■ WHAT THIS TASK INVOLVES ■
Write the listing out again verbatim, leaving nothing out.

··········

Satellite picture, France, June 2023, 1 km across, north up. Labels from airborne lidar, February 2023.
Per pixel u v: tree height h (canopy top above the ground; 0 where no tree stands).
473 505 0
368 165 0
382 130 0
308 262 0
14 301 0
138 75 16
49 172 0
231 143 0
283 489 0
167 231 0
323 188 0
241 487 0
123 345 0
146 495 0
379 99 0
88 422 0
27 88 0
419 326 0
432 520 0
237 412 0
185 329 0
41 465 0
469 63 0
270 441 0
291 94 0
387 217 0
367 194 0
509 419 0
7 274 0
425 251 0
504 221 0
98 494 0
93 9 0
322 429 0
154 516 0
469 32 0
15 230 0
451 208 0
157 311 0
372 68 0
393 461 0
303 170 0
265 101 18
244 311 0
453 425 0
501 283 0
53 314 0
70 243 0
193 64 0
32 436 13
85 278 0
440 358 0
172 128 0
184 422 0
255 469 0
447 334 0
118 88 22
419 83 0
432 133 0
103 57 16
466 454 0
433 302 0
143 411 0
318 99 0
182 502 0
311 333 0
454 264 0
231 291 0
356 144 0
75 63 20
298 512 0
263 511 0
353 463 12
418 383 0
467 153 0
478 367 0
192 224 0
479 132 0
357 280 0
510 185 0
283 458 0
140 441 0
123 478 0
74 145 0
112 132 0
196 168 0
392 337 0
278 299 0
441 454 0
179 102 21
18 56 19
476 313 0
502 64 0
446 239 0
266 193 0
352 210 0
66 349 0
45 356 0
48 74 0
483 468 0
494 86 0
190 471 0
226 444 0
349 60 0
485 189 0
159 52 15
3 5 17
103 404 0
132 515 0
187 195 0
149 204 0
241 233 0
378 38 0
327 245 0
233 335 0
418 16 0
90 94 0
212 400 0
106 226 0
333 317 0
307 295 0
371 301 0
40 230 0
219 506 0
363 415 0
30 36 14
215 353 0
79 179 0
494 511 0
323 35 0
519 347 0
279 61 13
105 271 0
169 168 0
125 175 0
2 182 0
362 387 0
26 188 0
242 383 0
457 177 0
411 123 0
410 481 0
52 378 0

··········

■ EXERCISE RESULT ■
Satellite picture, France, June 2023, 1 km across, north up. Labels from airborne lidar, February 2023.
Per pixel u v: tree height h (canopy top above the ground; 0 where no tree stands).
473 505 0
368 165 0
382 130 0
308 262 0
14 301 0
138 75 16
49 172 0
231 143 0
283 489 0
167 231 0
323 188 0
241 487 0
123 345 0
146 495 0
379 99 0
88 422 0
27 88 0
419 326 0
432 520 0
237 412 0
185 329 0
41 465 0
469 63 0
270 441 0
291 94 0
387 217 0
367 194 0
509 419 0
7 274 0
425 251 0
504 221 0
98 494 0
93 9 0
322 429 0
154 516 0
469 32 0
15 230 0
451 208 0
157 311 0
372 68 0
393 461 0
303 170 0
265 101 18
244 311 0
453 425 0
501 283 0
53 314 0
70 243 0
193 64 0
32 436 13
85 278 0
440 358 0
172 128 0
184 422 0
255 469 0
447 334 0
118 88 22
419 83 0
432 133 0
103 57 16
466 454 0
433 302 0
143 411 0
318 99 0
182 502 0
311 333 0
454 264 0
231 291 0
356 144 0
75 63 20
298 512 0
263 511 0
353 463 12
418 383 0
467 153 0
478 367 0
192 224 0
479 132 0
357 280 0
510 185 0
283 458 0
140 441 0
123 478 0
74 145 0
112 132 0
196 168 0
392 337 0
278 299 0
441 454 0
179 102 21
18 56 19
476 313 0
502 64 0
446 239 0
266 193 0
352 210 0
66 349 0
45 356 0
48 74 0
483 468 0
494 86 0
190 471 0
226 444 0
349 60 0
485 189 0
159 52 15
3 5 17
103 404 0
132 515 0
187 195 0
149 204 0
241 233 0
378 38 0
327 245 0
233 335 0
418 16 0
90 94 0
212 400 0
106 226 0
333 317 0
307 295 0
371 301 0
40 230 0
219 506 0
363 415 0
30 36 14
215 353 0
79 179 0
494 511 0
323 35 0
519 347 0
279 61 13
105 271 0
169 168 0
125 175 0
2 182 0
362 387 0
26 188 0
242 383 0
457 177 0
411 123 0
410 481 0
52 378 0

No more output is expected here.